Criscione v. Wallace

— Casey, J. P.

Appeal from a judgment of the Supreme Court (Cobb, J.), entered June 10, 1987 in Albany County, which dismissed petitioners’ application, in a proceeding pursuant to CPLR article 78, to review a determination of the Board of Building and Zoning Appeals of the City of Albany finding petitioners in violation of the local zoning ordinance.
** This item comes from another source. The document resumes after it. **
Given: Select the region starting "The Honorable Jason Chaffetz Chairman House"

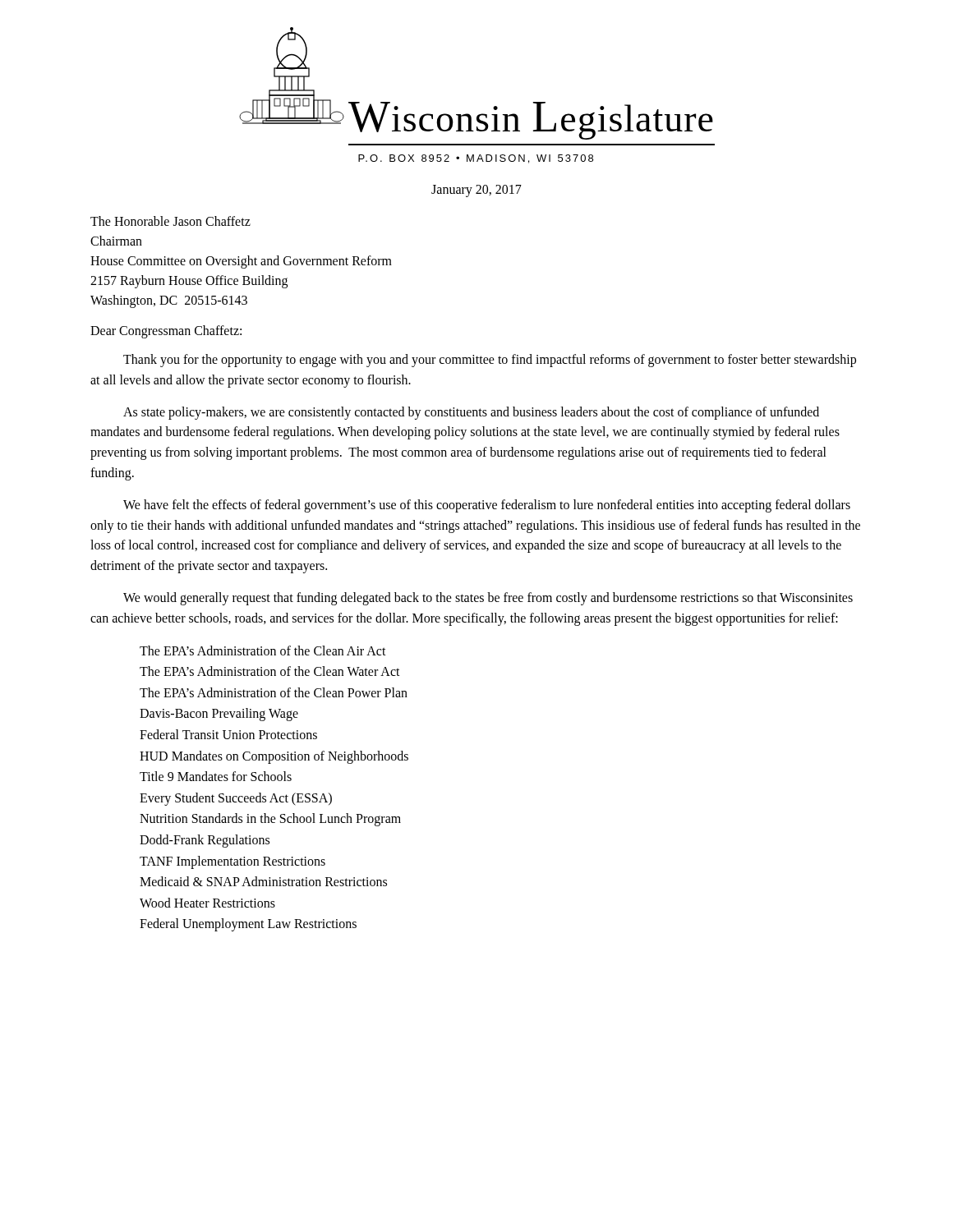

For a number of years prior to 1984, petitioner Nicholas J. Criscione (hereinafter petitioner) conducted a law practice in his building at 314 State Street in. the City of Albany. The building is located in an area zoned residential, but the city’s Zoning Ordinance permits certain "home occupations”, including "[ojffice of * * * lawyer”. In 1984, petitioner hired his nephew, a lawyer, to work in petitioner’s law office at 314 State Street. After several complaints from the neighborhood association, the city issued a notice of violation. Petitioner appealed to the city’s Board of Building and Zoning Appeals *698(hereinafter the Board), which confirmed the violation, finding "[t]he use of these premises as a professional office for a second attorney, Guy Criscione, is clearly in violation of the City Zoning Ordinance provisions regulating home occupation either before or after those provisions were amended and modified during March of 1985”. Petitioners commenced this CPLR article 78 proceeding seeking, inter alla, to annul the determination and/or have the matter remanded to the Board to make factual findings. Supreme Court dismissed the petition and this appeal ensued.

The arguments raised by petitioners on appeal are premised on a single assumption: that prior to its amendment in March 1985, the city’s Zoning Ordinance permitted the employment of a second attorney in a home occupation law office. The Board, however, ruled to the contrary, finding that the employment of a second attorney violated the home occupation provisions both before and after the March 1985 amendment. We have held that the Board’s interpretation of the home occupation provisions of the Zoning Ordinance must be upheld if it is neither irrational nor unreasonable (Matter of Aboud v Wallace, 94 AD2d 874, 875). Prior to March 1985, the home occupation provisions of the Zoning Ordinance defined "permitted uses” as follows:

"Includes not more than one (1) of the following uses provided that such uses are clearly incidental and secondary to the use of the dwelling unit for residential purposes:
"a. Medical and dental offices in accordance with provisions for off-street parking as required herein.
"b. Custom dressmaking.
"c. Artist, musician or tutor for not more than two (2) students simultaneously.
"d. Office of engineer, architect or lawyer.
"e. Real Estate, insurance or accounting.
"f. Photography.
"g. Telephone answering service.”

After March 1985, the definition of "permitted uses” was virtually identical, except for the addition of "[ojther uses consistent with the scope and intent of this section as determined and approved by the Board”. The amended version also included a new section, entitled "Employees on site”, which provided: "No more than one (1) employee or assistant in addition to the home occupant may be engaged on the premises in the home occupation at any given time. No other *699partner, principal or professional who receives clients, patients or customers separate from the home occupant may be employed on site.”

Petitioner assumes that since the amended version of the home occupation provisions contains an express limitation on employees, the former version contained no such limitation. This construction of the statute may be reasonable, but in our view it is not the only rational interpretation. The preamendment version of the ordinance refers to "[ojffice of * * * lawyer”, in the singular, and limits the use to that which is "clearly incidental and secondary to the use of the dwelling unit for residential purposes”. In our view, this language can reasonably be construed, as the Board did, to prohibit the employment of a second lawyer to work in the home occupation. Based upon the construction of the preamendment version of the ordinance, the amendment expressly limiting employees in the home occupation can be viewed either as "a legislative amplification of its previous intent” (Matter of Eastern Milk Producers Coop. Assn. v State of New York Dept. of Agrie. & Mkts., 58 NY2d 1097, 1101), or as an expansion of the home occupation use to permit one employee or assistant who is not a partner, principal or professional.

Since the Board’s determination is based solely upon its interpretation of the home occupation provisions of the Zoning Ordinance, as applied to the undisputed facts in this case, and since we have found the Board’s interpretation to be neither irrational nor unreasonable, Supreme Court’s judgment dismissing the petition must be affirmed.

Judgment affirmed, with costs. Casey, J. P., Mikoll, Yesawich, Jr., Levine and Harvey, JJ., concur.